### Exercise aim:
If a line in the listing below includes the word "size", pick it out.

### Input data:

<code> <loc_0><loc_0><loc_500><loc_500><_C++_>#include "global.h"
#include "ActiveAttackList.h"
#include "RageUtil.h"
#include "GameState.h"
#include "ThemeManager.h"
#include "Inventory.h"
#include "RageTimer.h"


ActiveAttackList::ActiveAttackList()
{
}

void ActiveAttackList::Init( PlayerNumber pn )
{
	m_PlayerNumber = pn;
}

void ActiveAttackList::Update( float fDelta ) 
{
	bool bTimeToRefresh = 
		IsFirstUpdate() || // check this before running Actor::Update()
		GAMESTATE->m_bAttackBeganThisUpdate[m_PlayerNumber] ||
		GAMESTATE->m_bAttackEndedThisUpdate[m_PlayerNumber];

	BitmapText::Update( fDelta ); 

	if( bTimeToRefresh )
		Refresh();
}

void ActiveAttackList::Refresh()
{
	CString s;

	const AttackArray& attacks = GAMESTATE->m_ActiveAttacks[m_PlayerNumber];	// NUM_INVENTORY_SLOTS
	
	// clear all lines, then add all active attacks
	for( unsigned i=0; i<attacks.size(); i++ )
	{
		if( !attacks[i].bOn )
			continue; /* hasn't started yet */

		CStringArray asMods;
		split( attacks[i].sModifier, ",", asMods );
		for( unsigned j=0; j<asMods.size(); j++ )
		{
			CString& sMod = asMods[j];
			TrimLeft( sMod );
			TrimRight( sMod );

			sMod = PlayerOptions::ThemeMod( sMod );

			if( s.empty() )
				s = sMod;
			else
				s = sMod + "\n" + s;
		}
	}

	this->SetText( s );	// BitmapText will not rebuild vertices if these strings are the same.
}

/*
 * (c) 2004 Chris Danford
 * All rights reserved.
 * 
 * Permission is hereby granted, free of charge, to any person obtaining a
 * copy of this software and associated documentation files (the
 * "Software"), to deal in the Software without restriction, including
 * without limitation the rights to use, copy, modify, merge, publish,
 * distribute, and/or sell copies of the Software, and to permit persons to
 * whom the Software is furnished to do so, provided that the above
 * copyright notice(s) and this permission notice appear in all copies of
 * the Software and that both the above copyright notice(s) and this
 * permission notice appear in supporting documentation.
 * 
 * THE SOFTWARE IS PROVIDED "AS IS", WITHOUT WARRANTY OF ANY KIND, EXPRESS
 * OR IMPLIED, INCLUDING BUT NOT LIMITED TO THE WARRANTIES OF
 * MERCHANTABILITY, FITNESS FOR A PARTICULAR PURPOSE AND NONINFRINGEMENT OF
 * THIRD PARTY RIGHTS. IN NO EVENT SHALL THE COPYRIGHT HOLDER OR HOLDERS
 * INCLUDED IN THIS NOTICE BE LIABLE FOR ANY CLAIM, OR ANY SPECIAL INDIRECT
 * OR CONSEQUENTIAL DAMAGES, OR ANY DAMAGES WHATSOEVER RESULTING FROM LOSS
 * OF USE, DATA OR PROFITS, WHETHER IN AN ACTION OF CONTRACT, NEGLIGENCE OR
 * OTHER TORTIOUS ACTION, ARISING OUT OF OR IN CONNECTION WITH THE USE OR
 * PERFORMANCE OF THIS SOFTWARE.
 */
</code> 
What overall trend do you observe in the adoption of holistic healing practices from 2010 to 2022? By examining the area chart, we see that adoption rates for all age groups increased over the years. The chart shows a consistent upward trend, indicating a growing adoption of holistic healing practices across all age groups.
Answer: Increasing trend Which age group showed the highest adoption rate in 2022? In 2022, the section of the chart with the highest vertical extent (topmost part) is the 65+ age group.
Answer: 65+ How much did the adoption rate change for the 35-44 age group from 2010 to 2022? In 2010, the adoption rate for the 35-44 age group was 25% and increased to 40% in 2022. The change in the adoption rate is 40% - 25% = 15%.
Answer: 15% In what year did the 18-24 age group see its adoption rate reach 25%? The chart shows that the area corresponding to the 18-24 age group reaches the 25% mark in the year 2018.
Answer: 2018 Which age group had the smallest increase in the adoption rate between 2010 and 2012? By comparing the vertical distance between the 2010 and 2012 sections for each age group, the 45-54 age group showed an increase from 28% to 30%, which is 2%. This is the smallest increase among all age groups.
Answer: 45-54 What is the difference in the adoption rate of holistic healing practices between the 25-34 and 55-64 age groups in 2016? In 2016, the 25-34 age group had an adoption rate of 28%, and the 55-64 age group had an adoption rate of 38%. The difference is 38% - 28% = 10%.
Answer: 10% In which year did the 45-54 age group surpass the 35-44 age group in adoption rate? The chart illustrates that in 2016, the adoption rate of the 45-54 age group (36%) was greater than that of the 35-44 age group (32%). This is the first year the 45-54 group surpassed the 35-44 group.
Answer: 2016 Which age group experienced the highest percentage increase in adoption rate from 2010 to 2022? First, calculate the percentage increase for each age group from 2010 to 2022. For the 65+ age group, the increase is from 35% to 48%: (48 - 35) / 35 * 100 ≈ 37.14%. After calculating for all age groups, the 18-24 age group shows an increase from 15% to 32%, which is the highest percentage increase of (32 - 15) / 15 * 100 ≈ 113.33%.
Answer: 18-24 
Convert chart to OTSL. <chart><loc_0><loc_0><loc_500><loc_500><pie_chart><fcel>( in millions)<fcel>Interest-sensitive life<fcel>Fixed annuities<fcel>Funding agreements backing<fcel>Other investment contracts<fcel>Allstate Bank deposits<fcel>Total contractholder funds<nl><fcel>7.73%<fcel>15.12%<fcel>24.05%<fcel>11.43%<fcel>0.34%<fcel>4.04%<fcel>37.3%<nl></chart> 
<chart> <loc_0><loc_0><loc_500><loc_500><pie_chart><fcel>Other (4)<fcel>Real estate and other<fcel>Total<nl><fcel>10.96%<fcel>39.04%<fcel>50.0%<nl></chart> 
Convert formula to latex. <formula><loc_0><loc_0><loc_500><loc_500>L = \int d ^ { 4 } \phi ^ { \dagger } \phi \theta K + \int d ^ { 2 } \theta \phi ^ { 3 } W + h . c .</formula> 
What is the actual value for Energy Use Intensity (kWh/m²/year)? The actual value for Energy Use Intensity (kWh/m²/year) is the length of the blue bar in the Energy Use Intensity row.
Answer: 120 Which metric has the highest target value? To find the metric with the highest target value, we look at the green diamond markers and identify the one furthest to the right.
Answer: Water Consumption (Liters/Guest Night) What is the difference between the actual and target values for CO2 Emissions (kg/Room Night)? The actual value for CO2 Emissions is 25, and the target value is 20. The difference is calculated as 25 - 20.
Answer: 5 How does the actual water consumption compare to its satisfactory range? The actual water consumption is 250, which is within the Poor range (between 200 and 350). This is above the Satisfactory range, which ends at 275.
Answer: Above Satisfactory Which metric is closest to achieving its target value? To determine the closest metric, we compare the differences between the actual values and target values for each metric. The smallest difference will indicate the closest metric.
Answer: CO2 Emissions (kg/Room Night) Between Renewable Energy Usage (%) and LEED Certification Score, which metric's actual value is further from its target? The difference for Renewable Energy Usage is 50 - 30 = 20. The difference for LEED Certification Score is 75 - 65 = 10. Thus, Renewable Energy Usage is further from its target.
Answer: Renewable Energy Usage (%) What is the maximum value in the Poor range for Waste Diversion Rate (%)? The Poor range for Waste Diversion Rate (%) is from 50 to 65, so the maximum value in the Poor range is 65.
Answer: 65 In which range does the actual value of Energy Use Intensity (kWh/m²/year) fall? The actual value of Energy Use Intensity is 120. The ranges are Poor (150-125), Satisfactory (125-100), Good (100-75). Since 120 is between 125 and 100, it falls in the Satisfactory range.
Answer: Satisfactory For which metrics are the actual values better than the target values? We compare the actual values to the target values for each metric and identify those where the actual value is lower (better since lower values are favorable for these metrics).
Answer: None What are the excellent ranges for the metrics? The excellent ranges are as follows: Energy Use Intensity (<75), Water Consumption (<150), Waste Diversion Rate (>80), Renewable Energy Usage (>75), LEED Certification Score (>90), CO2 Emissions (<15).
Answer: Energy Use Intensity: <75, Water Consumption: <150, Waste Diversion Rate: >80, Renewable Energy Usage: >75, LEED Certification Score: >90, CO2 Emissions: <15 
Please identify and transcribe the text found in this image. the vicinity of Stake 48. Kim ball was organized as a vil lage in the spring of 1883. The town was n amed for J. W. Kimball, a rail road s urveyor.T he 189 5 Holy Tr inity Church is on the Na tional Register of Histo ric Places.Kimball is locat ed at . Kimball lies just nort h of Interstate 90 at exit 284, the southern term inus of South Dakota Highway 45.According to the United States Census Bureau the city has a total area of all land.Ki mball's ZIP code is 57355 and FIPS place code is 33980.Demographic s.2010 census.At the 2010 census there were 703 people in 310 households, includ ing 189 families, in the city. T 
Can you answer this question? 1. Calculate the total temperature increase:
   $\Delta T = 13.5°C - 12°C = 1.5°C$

### The completed task:
	for( unsigned i=0; i<attacks.size(); i++ )
		for( unsigned j=0; j<asMods.size(); j++ )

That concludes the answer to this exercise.